Des combattants de la Mobilisation populaire avec le drapeau irakien, à Tal Afar, le 27 août 2017. / AHMAD AL-RUBAYE / AFP

Les jours de l’organisation Etat islamique (EI) sont comptés dans la province irakienne de Ninive, qu’elle avait en grande partie conquise à l’été 2014. Au terme d’une offensive commencée le 19 août, les forces gouvernementales irakiennes, accompagnées des milices à majorité chiite de la Mobilisation populaire, ont repris ce week-end aux djihadistes leur ultime bastion dans la province, la ville de Tal Afar, à 70 km à l’ouest de Mossoul, d’où les forces de Bagdad avaient chassé les djihadistes début juillet après une bataille de neuf mois.

Samedi 26 août, les forces irakiennes avaient annoncé avoir repris le centre-ville de Tal Afar au terme d’une avancée rapide, ne rencontrant que « quelques poches de résistance », l’EI n’ayant opposé qu’une résistance symbolique. Sur le terrain, les forces gouvernementales continuaient, lundi, de combattre à Al-Ayadiya, un secteur encore sous le contrôle de l’EI, au nord-ouest de la ville, et situé sur la dernière route que peuvent emprunter les djihadistes pour fuir vers la Syrie voisine. Le premier ministre, Haïder Al-Abadi, attendrait la chute de cette localité pour proclamer sur place « une victoire définitive » de Bagdad dans la province de Ninive.

Tal Afar et ses environs, encerclés depuis novembre 2016 et en partie désertés depuis le début de l’année, abriteraient encore plus de 10 000 personnes, contre environ 200 000 à l’été 2014, selon la coalition internationale. Cette dernière avait estimé à près de 2 000 les combattants de l’EI retranchés parmi ces civils. Un nombre qui semble avoir été largement surestimé : l’armée irakienne avait annoncé samedi soir avoir « éliminé » 250 djihadistes depuis le début de l’offensive dans la ville et ses abords, laissant deviner que le gros des forces de l’EI avait renoncé à livrer bataille et avait fui.

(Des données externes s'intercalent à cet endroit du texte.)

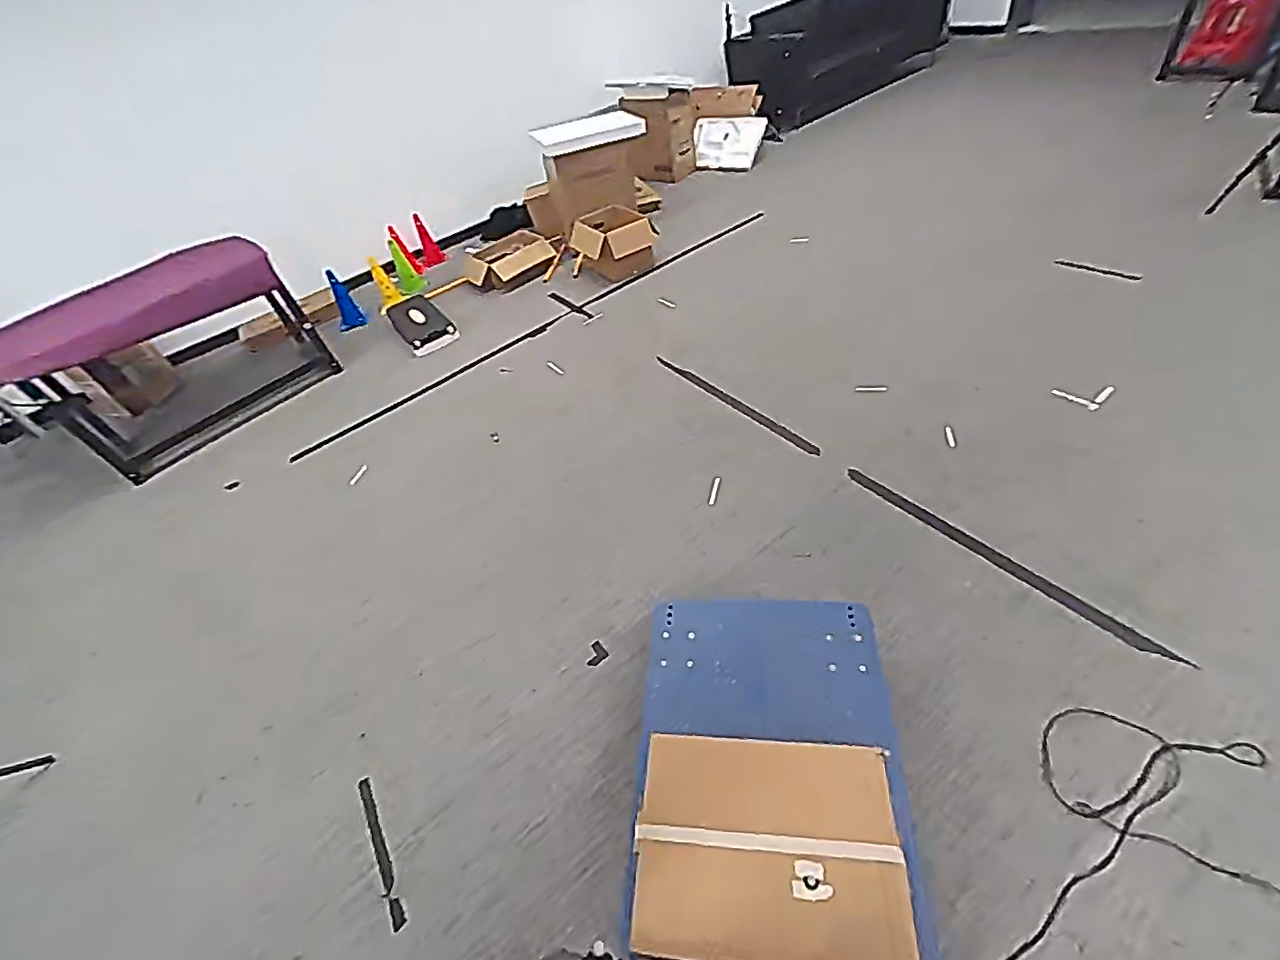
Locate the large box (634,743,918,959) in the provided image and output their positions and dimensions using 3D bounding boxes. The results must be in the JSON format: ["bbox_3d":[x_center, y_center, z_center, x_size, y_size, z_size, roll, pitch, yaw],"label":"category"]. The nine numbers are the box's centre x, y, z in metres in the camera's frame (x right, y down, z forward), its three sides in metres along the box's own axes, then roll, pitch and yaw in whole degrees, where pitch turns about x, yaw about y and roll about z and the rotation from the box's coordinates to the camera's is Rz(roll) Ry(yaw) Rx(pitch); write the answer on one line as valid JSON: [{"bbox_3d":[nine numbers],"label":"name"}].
[{"bbox_3d":[0.222,0.691,0.957,0.408,0.320,0.320,-2,47,11],"label":"large box"}]
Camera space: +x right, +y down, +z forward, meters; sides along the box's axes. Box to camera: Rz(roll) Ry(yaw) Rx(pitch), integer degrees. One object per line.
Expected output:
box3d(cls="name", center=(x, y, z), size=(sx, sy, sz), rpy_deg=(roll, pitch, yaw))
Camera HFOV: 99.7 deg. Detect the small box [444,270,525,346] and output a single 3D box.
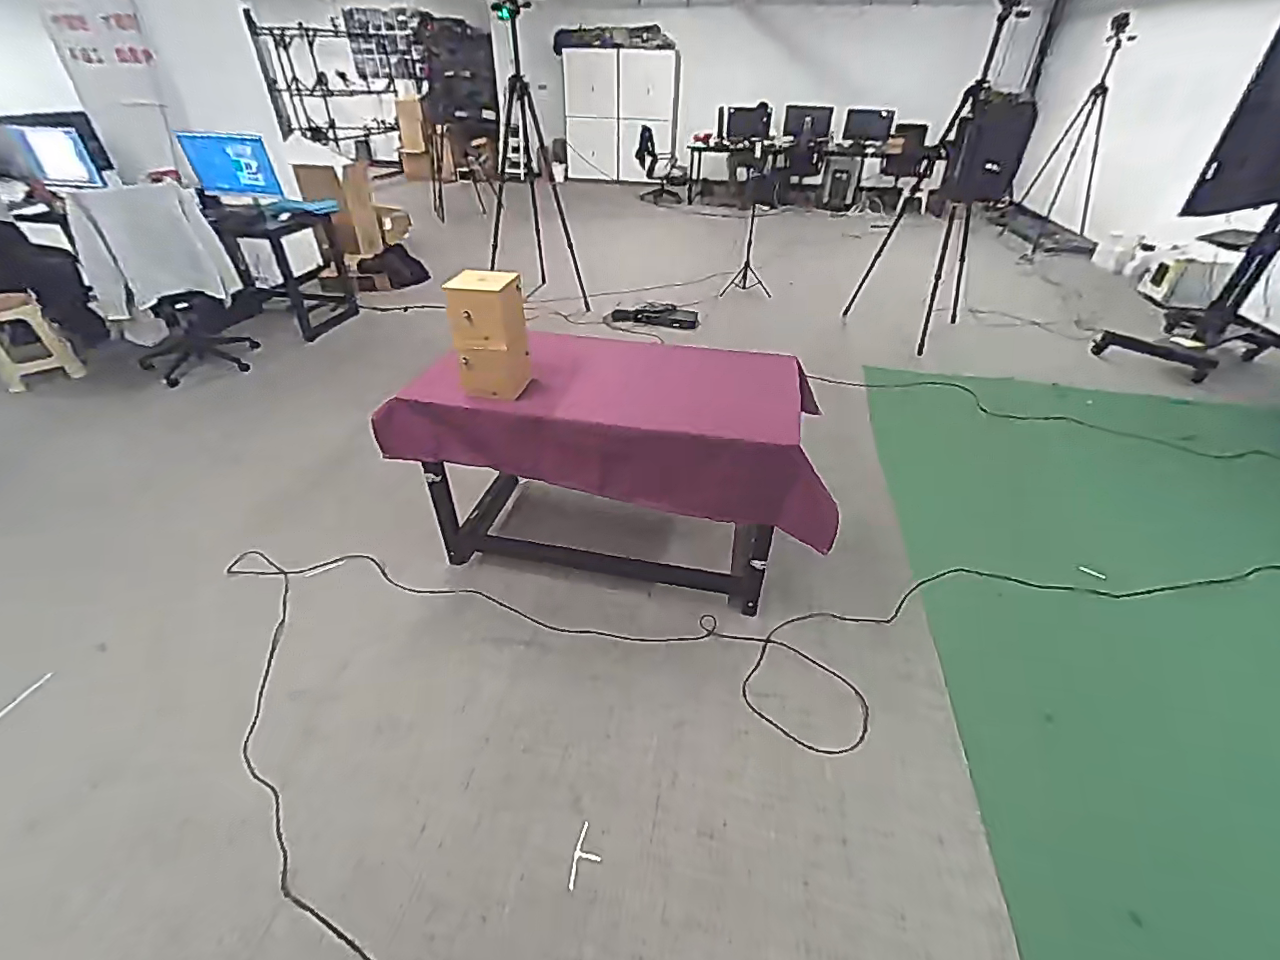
box3d(cls="small box", center=(-0.442, -0.500, 1.571), size=(0.168, 0.176, 0.179), rpy_deg=(5, 36, 6))

Le mouvement djihadiste poursuit sa mue

Selon l’analyste et chercheur irakien Hicham Al-Hachimi, qui s’appuie sur des sources sécuritaires, 89 combattants de l’organisation, dont douze russophones et cinq francophones se seraient rendus aux peshmergas kurdes, dimanche, au nord de Tal Afar. Ce printemps, des sources militaires françaises suspectaient déjà la présence dans la ville de djihadistes francophones et de leurs familles qui s’étaient repliés de Mossoul alors que la bataille dans l’ancienne « capitale » du « califat » touchait à sa fin.

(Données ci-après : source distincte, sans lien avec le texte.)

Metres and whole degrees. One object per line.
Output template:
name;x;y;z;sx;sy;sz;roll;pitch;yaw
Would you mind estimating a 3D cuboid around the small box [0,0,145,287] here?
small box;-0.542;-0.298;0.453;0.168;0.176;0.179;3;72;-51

Ville étape sur la route de la Syrie, la ville de Tal Afar, à majorité turkmène dans une région majoritairement arabe, a donné à l’EI certains de ses cadres les plus influents tels que Fadel Ahmed Abdullah Al-Hiyali, ancien officier du renseignement militaire irakien donné pour mort en 2014 et chargé de superviser la gouvernance des territoires irakiens de l’EI, ou encore Abou Ali Al-Anbari, ex-numéro 2 de l’organisation, tué en 2016. A l’instar de ces figures, une cohorte de cadres et de combattants originaires de Tal Afar s’était établie à Mossoul à partir de l’été 2014.

Importante, la perte de Tal Afar ne signifie pas pour autant la fin du pouvoir de nuisance de l’EI en Irak. Le mouvement djihadiste poursuit, en effet, sa mue en réseau clandestin et terroriste : les attaques se multiplient dans la province de l’Anbar, dans l’ouest du pays, où la chute du « califat » a laissé de profondes divisions entre ceux ayant collaboré avec l’EI et ceux l’ayant combattu. Dimanche, onze personnes ont encore été tuées dans un attentat à la voiture piégée sur un marché de la capitale, Bagdad.